Filters#
Filters in Superset for Open edX Aspects are powerful tools that allow users to refine and customize their view of course and learner data. By applying specific criteria, users can isolate and analyze subsets of data, enabling more profound insights into course performance, learner engagement, and other vital metrics.
These filters provide a flexible and efficient way to:
Compare courses: Identify similarities and differences between courses.
Analyze learner behavior: Understand how learners interact with course content.
Identify trends and patterns: Discover trends in course performance and learner engagement.
Troubleshoot issues: Pinpoint areas where courses may need improvement.
By leveraging these filters, users can gain valuable insights into the effectiveness of their online courses and make data-driven decisions to improve the learning experience.
Their key functionalities are:
Customization: Users can create precise filters to meet their unique analysis needs.
Flexibility: Filters can be combined to create complex queries.
Efficiency: Quickly isolate relevant data for in-depth analysis.
Visualization: Filters can be integrated with visualizations to create informative dashboards.
Types of Filters#
There are three main types of filters in Superset dashboards:
Course Filters: These filters allow you to specify which courses you want to see data for. For example, in the following image, the course filters include Organization, Course Name, and Course Run, which are currently set to specific examples.

Time Filters: These filters allow you to specify the period you want to see data for. The “Date” filter in the image is currently set to “No filter.” There is also a “Time Grain” filter that you can use to change the time interval shown in the graph (e.g., day, week, month).

Individual Learner Filters: These filters on the Individual Learner Dashboard allow you to filter the enrollment, engagement, and performance information for a single learner in your course at a time. By default, no filter is applied to the Name, Username, or Email filter.
Filters for the Course Comparison Dashboard:#
The Course Comparison Dashboard has different filters that allow you to refine your search and compare and analyze the performance of other courses or versions of the same course. Let’s find the function of these filters.
Organization filter: This allows you to filter the courses or course runs you are viewing and comparing throughout the Course Comparison Dashboard by the Organization with which the course or course run is associated. You can filter this by multiple organizations or leave the filter blank to compare courses or course runs across the instance.

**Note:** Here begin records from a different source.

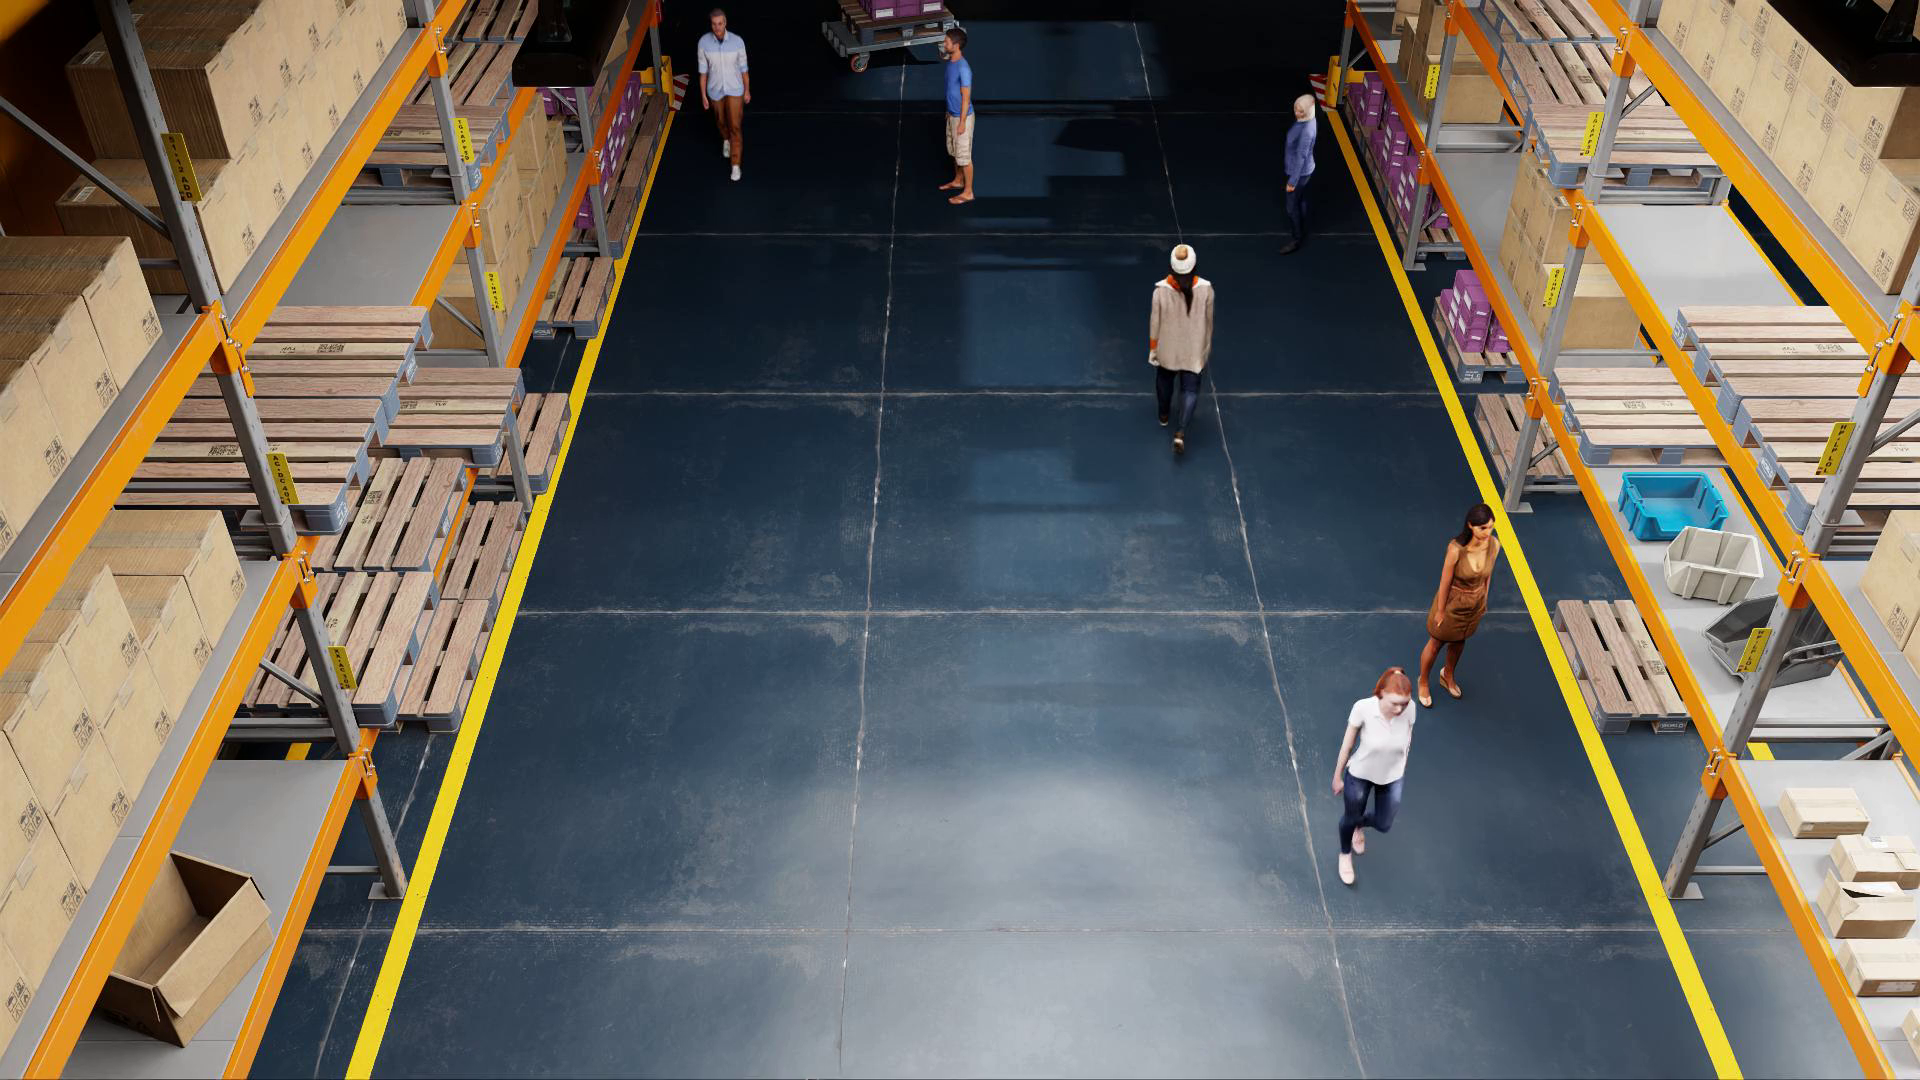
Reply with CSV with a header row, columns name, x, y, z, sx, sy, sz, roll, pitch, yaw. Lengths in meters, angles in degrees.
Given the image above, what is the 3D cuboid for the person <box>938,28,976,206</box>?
name,x,y,z,sx,sy,sz,roll,pitch,yaw
person,-0.008,-4.468,17.458,0.772,1.862,0.605,-12,40,-14

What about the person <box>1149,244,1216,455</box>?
name,x,y,z,sx,sy,sz,roll,pitch,yaw
person,1.835,-1.592,13.858,0.846,1.862,1.163,8,39,10

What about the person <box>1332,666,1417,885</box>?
name,x,y,z,sx,sy,sz,roll,pitch,yaw
person,2.523,1.380,10.246,0.607,1.725,0.656,-1,39,-1

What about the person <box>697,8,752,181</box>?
name,x,y,z,sx,sy,sz,roll,pitch,yaw
person,-2.555,-4.913,18.081,0.693,1.780,1.151,-1,39,-1

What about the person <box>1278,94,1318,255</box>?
name,x,y,z,sx,sy,sz,roll,pitch,yaw
person,3.441,-3.717,16.637,0.937,1.712,0.618,16,41,19

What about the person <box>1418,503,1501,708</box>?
name,x,y,z,sx,sy,sz,roll,pitch,yaw
person,3.436,0.441,11.449,0.624,1.690,0.617,-14,41,-16

Tag Filter: This filter will allow you to filter the course and course run data in this dashboard by courses with one or more filtered tags applied to the entire course. For example, if you wish to see all of your microbiology courses, use a microbiology course level tag filter to compare only courses and course runs that share the microbiology tag. You can filter by multiple tags. For example, you can filter on biochemistry and microbiology. The resulting courses and course run on this dashboard will include all courses with the biochemistry, or the microbiology tag or courses or course runs that have both tags applied to the whole course/course run. This filter will only work for instances running the Redwood Release or later.

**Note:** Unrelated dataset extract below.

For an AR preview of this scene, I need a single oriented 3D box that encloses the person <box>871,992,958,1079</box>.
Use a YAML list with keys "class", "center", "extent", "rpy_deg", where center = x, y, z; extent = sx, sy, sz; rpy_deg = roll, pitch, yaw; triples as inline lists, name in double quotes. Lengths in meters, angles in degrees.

Course Name filter: This filter allows you to filter the courses or course runs you compare by one or more courses. Applying a course filter and navigating to the Run Metrics tab in the dashboard can be a powerful way to compare all runs of the same course.
Course Run filter: This allows you to filter the course you compare by one or more course runs.

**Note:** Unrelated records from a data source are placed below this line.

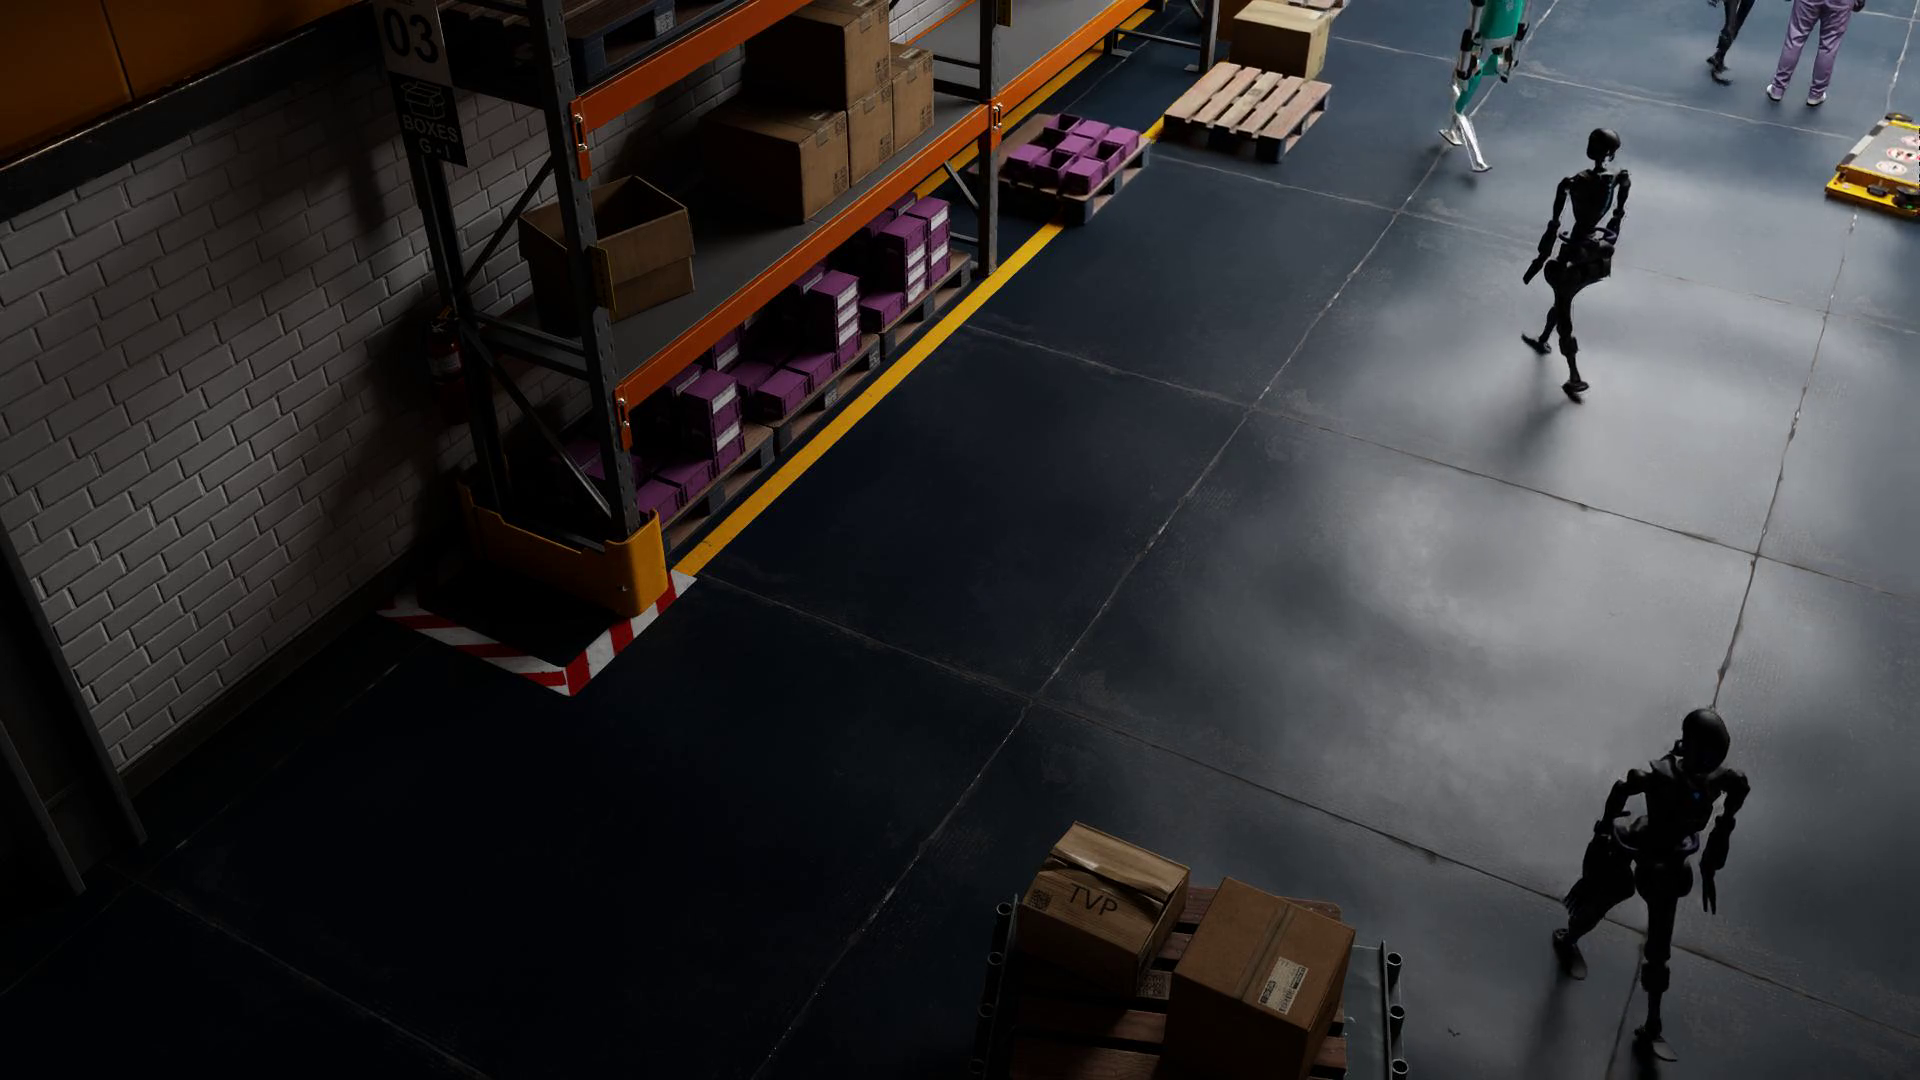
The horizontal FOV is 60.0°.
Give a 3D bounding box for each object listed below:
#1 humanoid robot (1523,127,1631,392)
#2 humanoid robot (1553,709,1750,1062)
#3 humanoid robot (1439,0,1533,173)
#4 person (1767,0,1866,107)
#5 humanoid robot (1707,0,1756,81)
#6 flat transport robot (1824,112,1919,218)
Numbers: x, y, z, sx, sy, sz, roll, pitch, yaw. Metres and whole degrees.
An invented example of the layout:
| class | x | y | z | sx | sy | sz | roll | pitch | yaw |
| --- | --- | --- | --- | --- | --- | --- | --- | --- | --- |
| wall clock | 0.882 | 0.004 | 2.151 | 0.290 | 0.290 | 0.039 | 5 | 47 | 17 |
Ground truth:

Additional Considerations About Filters:#
Data granularity: The granularity of the data available for filtering will vary depending on the specific implementation of Superset for Open edX Aspects.
Performance: The performance of filters can be impacted by the size and complexity of the dataset.
In essence, filters in Superset for Open edX Aspects are essential tools for data exploration and analysis, providing users with valuable insights into the performance of their online courses.